** How to complete this task **
Only the lines that include "section" should be copied from the data below.

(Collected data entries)

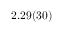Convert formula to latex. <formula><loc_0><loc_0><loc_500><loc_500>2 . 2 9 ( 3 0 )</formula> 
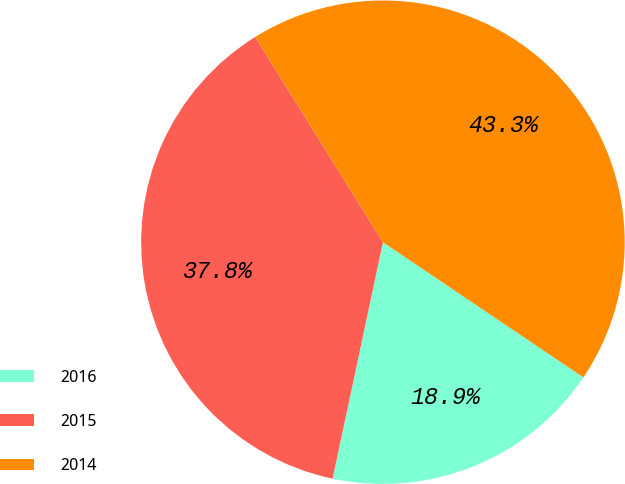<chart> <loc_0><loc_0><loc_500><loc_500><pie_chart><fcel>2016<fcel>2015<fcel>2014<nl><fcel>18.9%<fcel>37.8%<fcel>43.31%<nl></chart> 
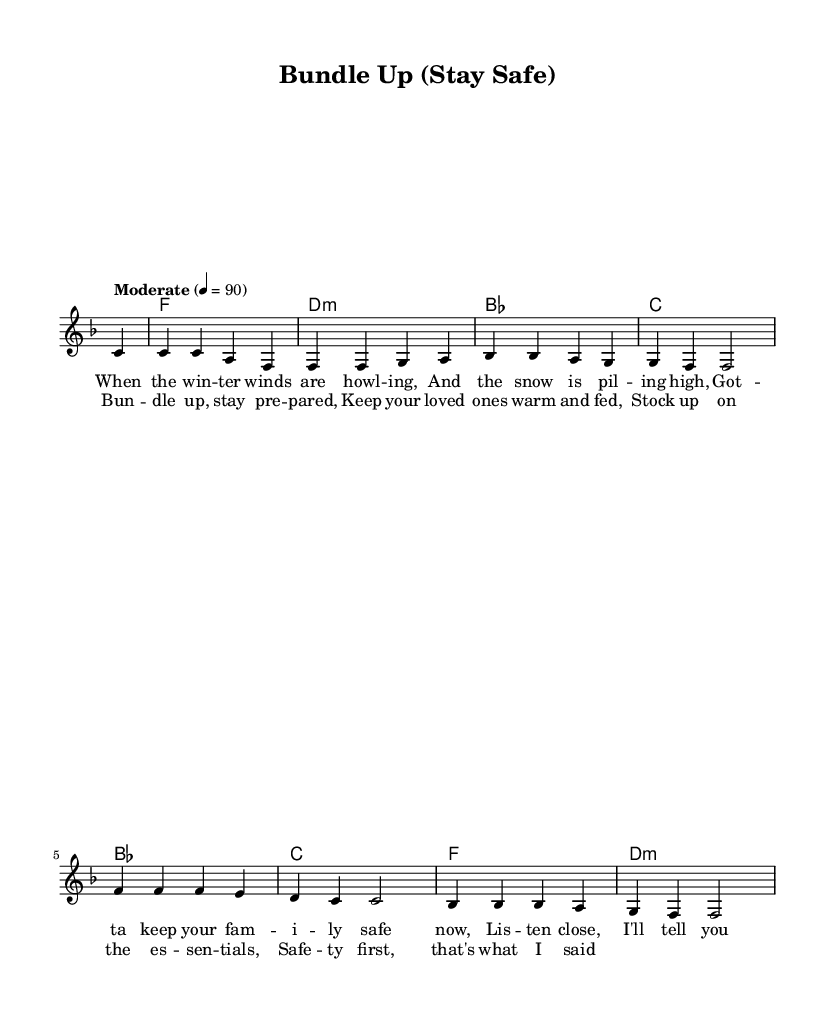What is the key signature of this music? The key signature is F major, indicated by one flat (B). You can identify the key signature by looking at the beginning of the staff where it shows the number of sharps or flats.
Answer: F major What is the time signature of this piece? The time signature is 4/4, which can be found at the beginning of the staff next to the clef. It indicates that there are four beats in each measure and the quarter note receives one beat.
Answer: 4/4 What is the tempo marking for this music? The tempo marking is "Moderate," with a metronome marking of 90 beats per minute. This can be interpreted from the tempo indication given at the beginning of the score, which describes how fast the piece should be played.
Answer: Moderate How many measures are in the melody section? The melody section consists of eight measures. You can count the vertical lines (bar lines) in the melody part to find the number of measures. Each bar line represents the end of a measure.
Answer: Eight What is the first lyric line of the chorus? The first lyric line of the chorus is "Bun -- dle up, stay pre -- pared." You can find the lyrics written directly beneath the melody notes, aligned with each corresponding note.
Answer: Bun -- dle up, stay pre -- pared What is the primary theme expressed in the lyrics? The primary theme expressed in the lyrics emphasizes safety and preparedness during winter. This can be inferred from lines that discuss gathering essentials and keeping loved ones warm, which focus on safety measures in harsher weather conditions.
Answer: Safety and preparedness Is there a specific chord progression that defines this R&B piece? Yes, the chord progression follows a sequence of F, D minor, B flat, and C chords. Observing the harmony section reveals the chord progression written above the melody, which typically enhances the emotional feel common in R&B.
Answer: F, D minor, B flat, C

** Result below **
Answer: Moderate How many measures are in the melody section? The melody section consists of eight measures. You can count the vertical lines (bar lines) in the melody part to find the number of measures. Each bar line represents the end of a measure.
Answer: Safety and preparedness Is there a specific chord progression that defines this R&B piece? Yes, the chord progression follows a sequence of F, D minor, B flat, and C chords. Observing the harmony section reveals the chord progression written above the melody, which typically enhances the emotional feel common in R&B.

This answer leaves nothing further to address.